The process

As soon as the Panablok panels are delivered to site, installation can begin. This process can be distilled into five clear stages: For a typical 2 storey house with a pitched (sloping) roof:

Stage 1 - Panablok Foundations (Optional to a Traditional Concrete Slab Base)
Onto concrete footings lay pre-cast concrete T & L beams to form a square and level footprint, and span 1.2 metre long Panablok (half) panels between the beams. Strap the panels & beams to the footings. Using Panablok formers will ensure an accurate, square and completely level foundation.
Stage 2 - Ground Floor Walls
Steel sole plate (floor) channels are leveled, laid, and fixed to either the concrete beam and Panablok floor, or the solid concrete base. Starting from a stabilized corner, ground floor panels are fitted into the sole plate channels and are locked together. Door and window openings are factory engineered and bridged by special Panablok flitch plate steel lintels. Steel wall plate (top) channels are capped to the top of the ground floor panels which effectively provides a steel ring beam to carry the intermediate (first floor and roof) beams.
Stage 3 - Panablok First Floor
By again using pre-cast concrete T & L beams in conjunction with Panablok (half) panels, intermediate floors can be constructed cheaply and quickly. This can extend to include cantilevered walkways and balconies. The use of Panablok in the intermediate floor ensures rapid construction and its physical properties give first class thermal/insulation and acoustic characteristics.
Stage 4 - First Floor Walls
The first floor walls are then assembled in the same manner as the ground floor. The first floor panelled walls and openings are constructed in the same way as the ground floor walls and the entire structure can be ready to take a roof by Day 4.
Stage 5 - Panablok Roof Panels (Optional to Traditional Wood or Steel Roof Truss Construction)
Panablok panels can be constructed to form pitched or hipped roofs. For pitched roofs (slopes on 2 sides), gable end triangular walls are constructed in the same way as Panablok floor walls by using panels between a channel base plate and capped with a channel wall plate. Pre-cast concrete purlins (lateral roof beams) are either hung off the gable wall plates or cut into them with a channel liner. Where spans are long they will be additionally supported in the same way on internal gable shaped triangular walls. Panablok panels and pre-cast concrete rafters are then laid onto the purlins and wall plates and form the last elements to the total Panablok watertight envelope, a structurally strong, highly insulated capping to the building.
Finishing Stage (External & Internal)
Internal: Internal wall surfaces are dry lined with magnesium oxide or cement particle board and electric cables and water pipes are laid within the cavity between the walls and the dry lining. Not only does this preserve the structural integrity of the Panablok panels, it also allows for utilities to be installed in parallel with the construction of the external and internal walls, thereby eliminating the immensely time consuming, costly, unsightly, and messy channeling of pipes and cables into solid walls and floors post-erection.

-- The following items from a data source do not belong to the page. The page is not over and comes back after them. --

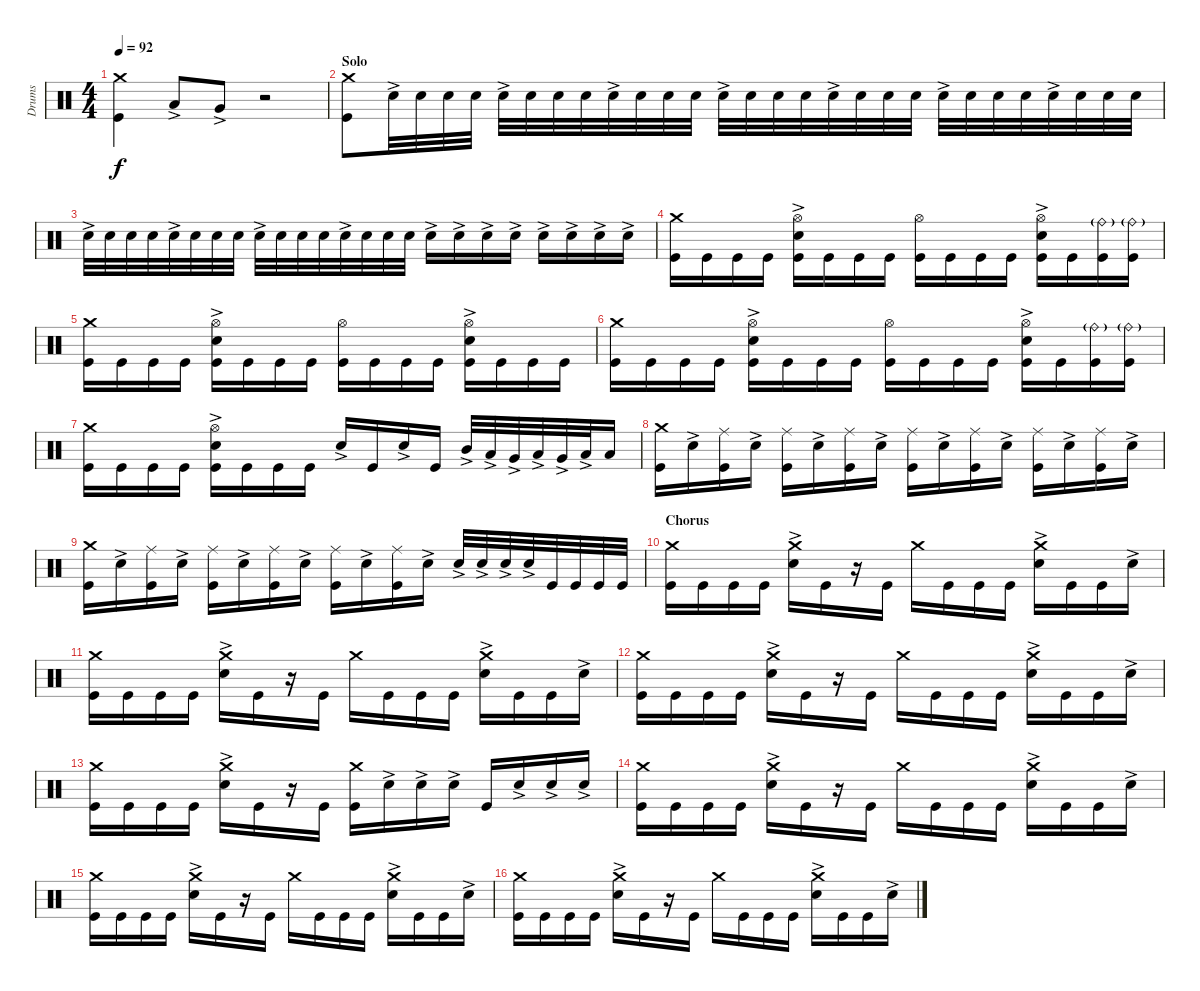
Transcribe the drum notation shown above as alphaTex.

\track ("Drums" "Drums") {instrument percussion}
\staff {score}
\articulation defaults
\ts (4 4)
\tempo 92
\clef neutral
\ks c
("Kick (hit)" "Crash medium (hit)").4{dy f} "Low Tom (hit)"{ac}.8 "Very Low Tom (hit)"{ac}.8 r.2 |
\section ("" "Solo")
("Kick (hit)" "Crash medium (hit)").8 "Snare (hit) 2"{ac}.32 "Snare (hit) 2".32 "Snare (hit) 2".32 "Snare (hit) 2".32 "Snare (hit) 2"{ac}.32 "Snare (hit) 2".32 "Snare (hit) 2".32 "Snare (hit) 2".32 "Snare (hit) 2"{ac}.32 "Snare (hit) 2".32 "Snare (hit) 2".32 "Snare (hit) 2".32 "Snare (hit) 2"{ac}.32 "Snare (hit) 2".32 "Snare (hit) 2".32 "Snare (hit) 2".32 "Snare (hit) 2"{ac}.32 "Snare (hit) 2".32 "Snare (hit) 2".32 "Snare (hit) 2".32 "Snare (hit) 2"{ac}.32 "Snare (hit) 2".32 "Snare (hit) 2".32 "Snare (hit) 2".32 "Snare (hit) 2"{ac}.32 "Snare (hit) 2".32 "Snare (hit) 2".32 "Snare (hit) 2".32 |
"Snare (hit) 2"{ac}.32 "Snare (hit) 2".32 "Snare (hit) 2".32 "Snare (hit) 2".32 "Snare (hit) 2"{ac}.32 "Snare (hit) 2".32 "Snare (hit) 2".32 "Snare (hit) 2".32 "Snare (hit) 2"{ac}.32 "Snare (hit) 2".32 "Snare (hit) 2".32 "Snare (hit) 2".32 "Snare (hit) 2"{ac}.32 "Snare (hit) 2".32 "Snare (hit) 2".32 "Snare (hit) 2".32 "Snare (hit) 2"{ac}.16 "Snare (hit) 2"{ac}.16 "Snare (hit) 2"{ac}.16 "Snare (hit) 2"{ac}.16 "Snare (hit) 2"{ac}.16 "Snare (hit) 2"{ac}.16 "Snare (hit) 2"{ac}.16 "Snare (hit) 2"{ac}.16 |
("Kick (hit)" "Crash medium (hit)").16 "Kick (hit)".16 "Kick (hit)".16 "Kick (hit)".16 ("Kick (hit)" "Hi-Hat (open)" "Snare (hit) 2"{ac}).16 "Kick (hit)".16 "Kick (hit)".16 "Kick (hit)".16 ("Kick (hit)" "Hi-Hat (open)").16 "Kick (hit)".16 "Kick (hit)".16 "Kick (hit)".16 ("Kick (hit)" "Hi-Hat (open)" "Snare (hit) 2"{ac}).16 "Kick (hit)".16 ("Kick (hit)" "Ride (bell)"{g}).16 ("Kick (hit)" "Ride (bell)"{g}).16 |
("Kick (hit)" "Crash medium (hit)").16 "Kick (hit)".16 "Kick (hit)".16 "Kick (hit)".16 ("Kick (hit)" "Hi-Hat (open)" "Snare (hit) 2"{ac}).16 "Kick (hit)".16 "Kick (hit)".16 "Kick (hit)".16 ("Kick (hit)" "Hi-Hat (open)").16 "Kick (hit)".16 "Kick (hit)".16 "Kick (hit)".16 ("Kick (hit)" "Hi-Hat (open)" "Snare (hit) 2"{ac}).16 "Kick (hit)".16 "Kick (hit)".16 "Kick (hit)".16 |
("Kick (hit)" "Crash medium (hit)").16 "Kick (hit)".16 "Kick (hit)".16 "Kick (hit)".16 ("Kick (hit)" "Hi-Hat (open)" "Snare (hit) 2"{ac}).16 "Kick (hit)".16 "Kick (hit)".16 "Kick (hit)".16 ("Kick (hit)" "Hi-Hat (open)").16 "Kick (hit)".16 "Kick (hit)".16 "Kick (hit)".16 ("Kick (hit)" "Hi-Hat (open)" "Snare (hit) 2"{ac}).16 "Kick (hit)".16 ("Kick (hit)" "Ride (bell)"{g}).16 ("Kick (hit)" "Ride (bell)"{g}).16 |
("Kick (hit)" "Crash medium (hit)").16 "Kick (hit)".16 "Kick (hit)".16 "Kick (hit)".16 ("Kick (hit)" "Hi-Hat (open)" "Snare (hit) 2"{ac}).16 "Kick (hit)".16 "Kick (hit)".16 "Kick (hit)".16 "Snare (hit) 2"{ac}.16 "Kick (hit)".16 "Snare (hit) 2"{ac}.16 "Kick (hit)".16 "Mid Tom (hit)"{ac}.32 "Low Tom (hit)"{ac}.32 "Very Low Tom (hit)"{ac}.32 "Low Tom (hit)"{ac}.32 "Very Low Tom (hit)"{ac}.32 "Low Floor Tom (hit)"{ac}.32 "Low Floor Tom (hit)".16 |
("Kick (hit)" "Crash medium (hit)").16 "Snare (hit) 2"{ac}.16 ("Kick (hit)" "Ride (middle)").16 "Snare (hit) 2"{ac}.16 ("Kick (hit)" "Ride (middle)").16 "Snare (hit) 2"{ac}.16 ("Kick (hit)" "Ride (middle)").16 "Snare (hit) 2"{ac}.16 ("Kick (hit)" "Ride (middle)").16 "Snare (hit) 2"{ac}.16 ("Kick (hit)" "Ride (middle)").16 "Snare (hit) 2"{ac}.16 ("Kick (hit)" "Ride (middle)").16 "Snare (hit) 2"{ac}.16 ("Kick (hit)" "Ride (middle)").16 "Snare (hit) 2"{ac}.16 |
("Kick (hit)" "Crash medium (hit)").16 "Snare (hit) 2"{ac}.16 ("Kick (hit)" "Ride (middle)").16 "Snare (hit) 2"{ac}.16 ("Kick (hit)" "Ride (middle)").16 "Snare (hit) 2"{ac}.16 ("Kick (hit)" "Ride (middle)").16 "Snare (hit) 2"{ac}.16 ("Kick (hit)" "Ride (middle)").16 "Snare (hit) 2"{ac}.16 ("Kick (hit)" "Ride (middle)").16 "Snare (hit) 2"{ac}.16 "Snare (hit) 2"{ac}.32 "Snare (hit) 2"{ac}.32 "Snare (hit) 2"{ac}.32 "Snare (hit) 2"{ac}.32 "Kick (hit)".32 "Kick (hit)".32 "Kick (hit)".32 "Kick (hit)".32 |
\section ("" "Chorus")
("Crash medium (hit)" "Kick (hit)").16 "Kick (hit)".16 "Kick (hit)".16 "Kick (hit)".16 ("Crash medium (hit)" "Snare (hit) 2"{ac}).16 "Kick (hit)".16 r.16 "Kick (hit)".16 "Crash medium (hit)".16 "Kick (hit)".16 "Kick (hit)".16 "Kick (hit)".16 ("Crash medium (hit)" "Snare (hit) 2"{ac}).16 "Kick (hit)".16 "Kick (hit)".16 "Snare (hit) 2"{ac}.16 |
("Crash medium (hit)" "Kick (hit)").16 "Kick (hit)".16 "Kick (hit)".16 "Kick (hit)".16 ("Crash medium (hit)" "Snare (hit) 2"{ac}).16 "Kick (hit)".16 r.16 "Kick (hit)".16 "Crash medium (hit)".16 "Kick (hit)".16 "Kick (hit)".16 "Kick (hit)".16 ("Crash medium (hit)" "Snare (hit) 2"{ac}).16 "Kick (hit)".16 "Kick (hit)".16 "Snare (hit) 2"{ac}.16 |
("Crash medium (hit)" "Kick (hit)").16 "Kick (hit)".16 "Kick (hit)".16 "Kick (hit)".16 ("Crash medium (hit)" "Snare (hit) 2"{ac}).16 "Kick (hit)".16 r.16 "Kick (hit)".16 "Crash medium (hit)".16 "Kick (hit)".16 "Kick (hit)".16 "Kick (hit)".16 ("Crash medium (hit)" "Snare (hit) 2"{ac}).16 "Kick (hit)".16 "Kick (hit)".16 "Snare (hit) 2"{ac}.16 |
("Crash medium (hit)" "Kick (hit)").16 "Kick (hit)".16 "Kick (hit)".16 "Kick (hit)".16 ("Crash medium (hit)" "Snare (hit) 2"{ac}).16 "Kick (hit)".16 r.16 "Kick (hit)".16 ("Kick (hit)" "Crash medium (hit)").16 "Snare (hit) 2"{ac}.16 "Snare (hit) 2"{ac}.16 "Snare (hit) 2"{ac}.16 "Kick (hit)".16 "Snare (hit) 2"{ac}.16 "Snare (hit) 2"{ac}.16 "Snare (hit) 2"{ac}.16 |
("Crash medium (hit)" "Kick (hit)").16 "Kick (hit)".16 "Kick (hit)".16 "Kick (hit)".16 ("Crash medium (hit)" "Snare (hit) 2"{ac}).16 "Kick (hit)".16 r.16 "Kick (hit)".16 "Crash medium (hit)".16 "Kick (hit)".16 "Kick (hit)".16 "Kick (hit)".16 ("Crash medium (hit)" "Snare (hit) 2"{ac}).16 "Kick (hit)".16 "Kick (hit)".16 "Snare (hit) 2"{ac}.16 |
("Crash medium (hit)" "Kick (hit)").16 "Kick (hit)".16 "Kick (hit)".16 "Kick (hit)".16 ("Crash medium (hit)" "Snare (hit) 2"{ac}).16 "Kick (hit)".16 r.16 "Kick (hit)".16 "Crash medium (hit)".16 "Kick (hit)".16 "Kick (hit)".16 "Kick (hit)".16 ("Crash medium (hit)" "Snare (hit) 2"{ac}).16 "Kick (hit)".16 "Kick (hit)".16 "Snare (hit) 2"{ac}.16 |
("Crash medium (hit)" "Kick (hit)").16 "Kick (hit)".16 "Kick (hit)".16 "Kick (hit)".16 ("Crash medium (hit)" "Snare (hit) 2"{ac}).16 "Kick (hit)".16 r.16 "Kick (hit)".16 "Crash medium (hit)".16 "Kick (hit)".16 "Kick (hit)".16 "Kick (hit)".16 ("Crash medium (hit)" "Snare (hit) 2"{ac}).16 "Kick (hit)".16 "Kick (hit)".16 "Snare (hit) 2"{ac}.16

External: To ensure that Panablok structures last for many generations, outside wall surfaces should have an external finish. For example, a wire mesh fastened to the wall panels forms the perfect substrate for a typical sand cement render. Many different forms of external finish can be applied to the panel walls such as brick slips, rendered magnesium oxide board on battens, solid masonry, cladding sheets, natural masonry sheathing, and cement particle board ship lap claddings. Numerous finishes (tiles, slates, metal sheet etc.) can also be fitted to the Panablok roof panels.